• _Assignment_
Your task is to write out the lines from the line containing "Keep it short and to the point. Red." through the last line of the material, exactly.
╭─ Records for this task
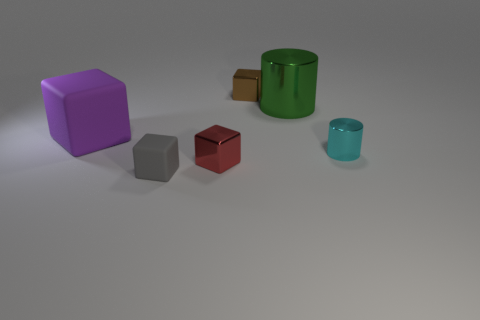There is a tiny gray cube; are there any tiny brown objects in front of it?
Your response must be concise. No. The shiny block that is in front of the large thing to the right of the large thing that is on the left side of the gray rubber object is what color?
Offer a terse response. Red. Do the tiny rubber object and the purple rubber object have the same shape?
Provide a short and direct response. Yes. There is another cylinder that is the same material as the green cylinder; what is its color?
Offer a terse response. Cyan. How many things are either objects that are in front of the large matte cube or small brown objects?
Give a very brief answer. 4. There is a metallic cube that is in front of the purple thing; what is its size?
Offer a very short reply. Small. There is a purple matte cube; is it the same size as the shiny cylinder that is in front of the big matte object?
Provide a short and direct response. No. What color is the metallic cube that is in front of the large thing right of the tiny rubber block?
Keep it short and to the point. Red. What is the size of the green metallic object?
Keep it short and to the point. Large. Are there more tiny metallic objects that are behind the red thing than objects to the left of the large shiny thing?
Provide a succinct answer. No.
╰─
• _Task answer_
Keep it short and to the point. Red. What is the size of the green metallic object?
Keep it short and to the point. Large. Are there more tiny metallic objects that are behind the red thing than objects to the left of the large shiny thing?
Provide a succinct answer. No.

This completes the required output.